Figure 4.. Hearing thresholds and inner ear paintfills of Mctp1^dwnd/dmid, Mctp1^−/−, Nr2f1^−/− and Mctp1^+/dwnd Nr2f1^+/− mice.

(A) Mctp1^dwnd/dwnd mice and Mctp1^+/dwnd Nr2f1^+/− transheterozygotes are hearing impaired. Mean (± SEM) ABR thresholds of 11 Mctp1^dwnd/dwnd mice and 10 Mctp1^+/dwnd Nr2f1^+/− transheterozygotes and 12 Mctp1^−/− mice tested at one month of age were compared with those of 12 age-matched Mctp1^+/dwnd heterozygous control mice for 8, 16, and 32 kHz test stimuli Thresholds of Mctp1^dwnd/dwnd and Mctp1^+/dwnd Nr2f1^+/− mice are not statistically significantly different from each other but are about 25-50 dB higher than those of Mctp1^+/dwnd control mice. In contrast, thresholds of Mctp1^−/− mice are not statistically significantly different than those of control mice. Nr2f1^−/− mice are not included in the hearing test comparisons because they die after birth. (B) Inner ear paintfills of E15.5 embryos clearly show the fusion of the utricle (u) and saccule (s) in inner ears of Mctp1^dwnd/dwnd, Nr2f1^−/−, and Mctp1^+/− Nr2f1^+/− mice (u/s) but not in the Mctp1^−/− mice. A smaller and shortened cochlear duct (cd) can also be seen in inner ears of the three mutant strains with u/s fusions. Scale bar, 0.5 mm.

Figure 5.. Hair cell patterning in inner ears of Mctp1^dwnd/dwnd, Mctp1^+/dwnd Nr2f1^+/−, and Mctp1^−/− mice.

All panels show phalloidin-stained flat mounts. (A) P0 organ of Corti for the genotypes and positions indicated. Mctp1^+/dwnd Nr2f1^+/𢈒 transheterozygotes show hair cell disorganization at the base (top) and extra OHC rows at the apex (bottom, arrowheads), as seen in the Mctp1^dwnd/dwnd mutants (see Fig. 1B-E). In contrast, hair cell organization in targeted Mctp1 mutants (Mctp1^−/−) looks normal. (B) P0 utricle with the sensory region (macula) outlined. Transheterozygotes show a dysmorphic macula, unlike Mctp1^−/− mutants. (C) P0 cochlear base showing failed separation of the sensory epithelia of the cochlea and the saccular macula in transheterozygotes. Arrowheads indicate the basal most position of the organ of Corti. Mctp1^−/− have a normal saccule (not shown). Mctp1^+/dwnd is used as control. Scale bars, 10 μm (A), 100 μm (B) and 20 μm (C).

Figure 6.. Supplementary information accessed from public database browsers.

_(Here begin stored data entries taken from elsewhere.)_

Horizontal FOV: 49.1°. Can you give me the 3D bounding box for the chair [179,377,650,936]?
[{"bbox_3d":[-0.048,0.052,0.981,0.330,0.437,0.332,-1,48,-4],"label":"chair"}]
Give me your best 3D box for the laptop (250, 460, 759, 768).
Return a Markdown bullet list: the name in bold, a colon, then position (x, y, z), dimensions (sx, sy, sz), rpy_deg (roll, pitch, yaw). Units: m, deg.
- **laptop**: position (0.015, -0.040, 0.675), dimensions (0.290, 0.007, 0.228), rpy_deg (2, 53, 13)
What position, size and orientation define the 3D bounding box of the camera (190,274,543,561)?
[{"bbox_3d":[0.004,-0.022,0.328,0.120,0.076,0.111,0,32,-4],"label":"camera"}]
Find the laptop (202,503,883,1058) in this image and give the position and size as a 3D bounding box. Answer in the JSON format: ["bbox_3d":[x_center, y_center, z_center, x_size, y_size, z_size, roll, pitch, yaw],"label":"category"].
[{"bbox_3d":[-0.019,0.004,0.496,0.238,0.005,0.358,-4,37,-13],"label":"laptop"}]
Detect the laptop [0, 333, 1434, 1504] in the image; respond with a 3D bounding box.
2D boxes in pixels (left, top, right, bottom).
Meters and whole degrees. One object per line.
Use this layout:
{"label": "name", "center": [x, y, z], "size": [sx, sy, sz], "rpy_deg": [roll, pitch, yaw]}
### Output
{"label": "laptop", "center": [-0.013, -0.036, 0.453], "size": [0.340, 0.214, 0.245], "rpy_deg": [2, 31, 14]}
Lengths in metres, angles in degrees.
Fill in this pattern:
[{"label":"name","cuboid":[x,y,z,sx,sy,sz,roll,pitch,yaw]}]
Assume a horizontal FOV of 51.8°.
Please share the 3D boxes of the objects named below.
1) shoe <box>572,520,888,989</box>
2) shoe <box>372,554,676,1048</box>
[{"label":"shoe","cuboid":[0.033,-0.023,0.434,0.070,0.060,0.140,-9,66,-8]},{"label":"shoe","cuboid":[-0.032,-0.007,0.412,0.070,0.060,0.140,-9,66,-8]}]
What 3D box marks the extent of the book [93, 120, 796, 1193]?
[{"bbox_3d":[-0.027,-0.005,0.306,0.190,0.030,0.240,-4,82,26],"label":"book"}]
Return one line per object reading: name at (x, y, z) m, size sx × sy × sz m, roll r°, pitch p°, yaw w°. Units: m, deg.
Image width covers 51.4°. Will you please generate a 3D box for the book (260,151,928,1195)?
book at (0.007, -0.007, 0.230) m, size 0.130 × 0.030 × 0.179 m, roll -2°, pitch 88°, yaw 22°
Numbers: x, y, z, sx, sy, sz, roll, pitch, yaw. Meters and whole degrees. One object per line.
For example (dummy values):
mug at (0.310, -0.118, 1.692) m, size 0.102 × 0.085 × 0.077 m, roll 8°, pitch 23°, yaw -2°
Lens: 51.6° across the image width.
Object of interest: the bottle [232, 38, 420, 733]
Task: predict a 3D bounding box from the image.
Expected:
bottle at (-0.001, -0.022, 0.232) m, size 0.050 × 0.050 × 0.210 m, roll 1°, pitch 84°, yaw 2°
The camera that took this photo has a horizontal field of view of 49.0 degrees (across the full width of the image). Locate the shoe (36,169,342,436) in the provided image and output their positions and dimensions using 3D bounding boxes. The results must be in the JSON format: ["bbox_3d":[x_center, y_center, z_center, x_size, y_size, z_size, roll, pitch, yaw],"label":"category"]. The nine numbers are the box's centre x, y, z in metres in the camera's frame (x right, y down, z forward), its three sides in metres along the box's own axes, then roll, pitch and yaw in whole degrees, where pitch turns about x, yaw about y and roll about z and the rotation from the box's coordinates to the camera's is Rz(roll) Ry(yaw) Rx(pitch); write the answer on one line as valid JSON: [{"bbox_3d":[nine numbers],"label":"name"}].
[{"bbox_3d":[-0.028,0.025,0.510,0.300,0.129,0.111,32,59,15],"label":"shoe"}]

(A) Mctp1^dwnd and Nr2f1 are in the same TAD. The Mctp1^dwnd deletion and the Nr2f1 gene (shown by horizontal red bars above the gene diagrams enclosed by red rectangles) are located in the same topologically associating domain (TAD), supporting the possibility of long-range chromatin interactions. The Hi-C heatmap was obtained from the 3D Genome Browser: a web-based browser for visualizing 3D genome organization and long-range chromatin interactions (http://promoter.bx.psu.edu/hi-c/). Although the heatmap shown in this figure was generated from Hi-C analysis of mouse B-lymphoblast cells (Rao et al., 2014), TADs are relatively constant between different cell types and are highly conserved across species, and so should be similar in the mouse embryonic inner ear. (B) Conserved DNA sequences suggest possible enhancer elements in the Mctp1^dwnd deleted region. Multiple phylogenetically conserved DNA sequences are present in the 53 kb Mctp1^dwnd deletion (Chr13: 76,815,703-76,868,709; GRCm38). The ECR Browser (https://ecrbrowser.dcode.org/) was used to compare DNA sequence similarities of mouse with other vertebrate species (human, opossum, chicken, frog, and fish). In addition to the sequences corresponding to exons 11-15 (indicated by downward pointing arrows), five non-coding sequences are highly conserved in all of the vertebrates except fish (indicated by upward pointing arrows).